Kortatu was born in the context of the first democracy years in Spain in 1984. They had a big significance for left-wing basque nationalism (which rejected the new constitutional project) as precursors of a new wave of music: Basque Radical Rock. They reached a huge degree of influence in Basque and Spanish punk, as other bands like La Polla Records, Cicatriz and Eskorbuto became famous in the 80s underground scene. It was a very popular band in Basque Country, and in Spain.

==Music style==
Although labeled from the beginning as a radical Basque rock, Kortatu tried to fight against any classification, even if political links with Herri Batasuna were evident. They also faced some censorship problems, especially when they tried to add a picture of Spanish monarch Juan Carlos I depicted as a robot. In the five year life span of the band they moved from ska to punk and even hip hop, eventually disbanding the formation after seeing Public Enemy in Paris and creating a bigger project, Negu Gorriak. Although their lyrics also evolved from "party-ska" to "combat-rock" (in their last record all the songs were sung in Basque), their style along the lines of social and political protest stayed intact.

==Influences==
They were clearly influenced by The Clash, in fact, their frontman Fermin Muguruza decided to create a ska punk band after seeing Strummer's band in a 1980 gig in San Sebastián.

==Demos and Tours==
They recorded a demo which included their first three songs in 1985. In the same year, they included those songs in the landmark album known as "Four's Album", because of the sharing with other three new bands: Cicatriz, Jotakie and Kontuz-Hi.

That year they toured first time around all the Basque Country, and also played in Madrid and Barcelona.
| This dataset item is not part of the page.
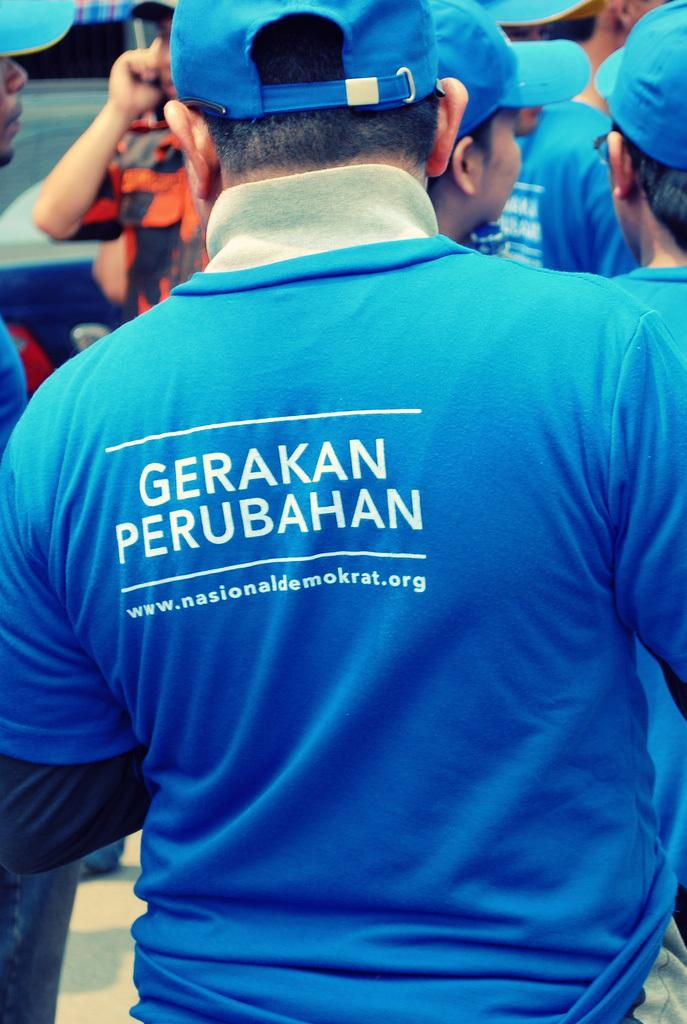Provide a one-sentence caption for the provided image. A stocky man wearing a blue shirt has the words Gerakan Perubahan on his back.

On May 31, played in Martutene Prison (San Sebastián) with Barricada. Some months later, Joseba Sarrionandia, a recognized writer and poet who was imprisoned because of his ETA membership, escaped with another prisoner, Iñaki Pikabea, inside a loudspeaker, after a gig by Imanol. Kortatu and Barricada were accused of preparing the escapes, and they were banned from playing in all prisons, but nothing was proved. After that they wrote their best-known song, Sarri Sarri, about the escape of Sarrionandia. In fact, it was a cover, including new lyrics, of Toots & the Maytals´ Chatty Chatty.
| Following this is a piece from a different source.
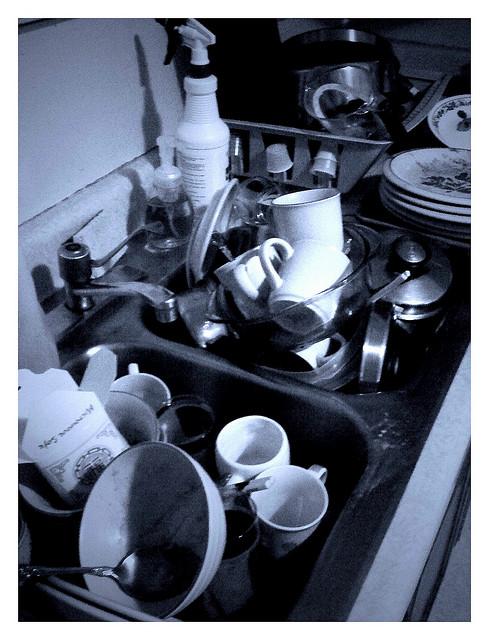Has anyone done the dishes lately?
Concise answer only. No. Is the a colorful picture?
Write a very short answer. No. Is there dish soap on the sink?
Short answer required. No.

In 1987, they went across the Iron Curtain to perform in Poland on Róbrege Festival.

==The book==
The book "El estado de las cosas de Kortatu: lucha, fiesta y guerra sucia" (Lengua de Trapo, 2013), translated as "The current state of Kortatu-related things: fight, party and dirty war" was published in December 2013, written by Roberto Herreros and Isidro Lopez. This work offers an analysis of the historical context in which the radical basque rock was developed.

==Members==
- Fermin Muguruza: Guitar and vocals
- Íñigo Muguruza: Bass
- Treku Armendariz: drums
- Kaki Arkarazo: Guitar (From 1988)

==Discography==
- (No title) (Soñua, 1985) together with Cicatriz, Jotakie and Kontuz-Hi!. Reedited on CD by Oihuka in 2000.
- Kortatu (Soñua, 1985).
- A la calle (Maxi single featuring 3 themes) (Soñua, 1986).
- El estado de las cosas (Soñua, 1986).
- A Front Line Compilation (best of) (Red Rhino-Organik, 1988). Reedited on CD by Oihuka in 1998.
- Kolpez kolpe (Oihuka, 1988). Reedited on CD by Esan-Ozenki in 1998.
- Azken guda dantza (live, double album) (Nola!, 1988).
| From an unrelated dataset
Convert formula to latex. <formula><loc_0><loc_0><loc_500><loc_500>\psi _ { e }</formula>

Some CD reeditions included bonus tracks and/or modifications:
- In the CD reedition of Kortatu (Oihuka, 1998), two songs were included: Mierda de Ciudad y El último SKA de Manolo Rastamán.
- In the CD reedition of El estado de las cosas (Oihuka, 1998), all three songs from the A la calle Maxi single were included.
- In the CD reedition of Azken guda dantza (Esan-Ozenki, 1992), the censorship beeps are removed from the "Aizkolari" song.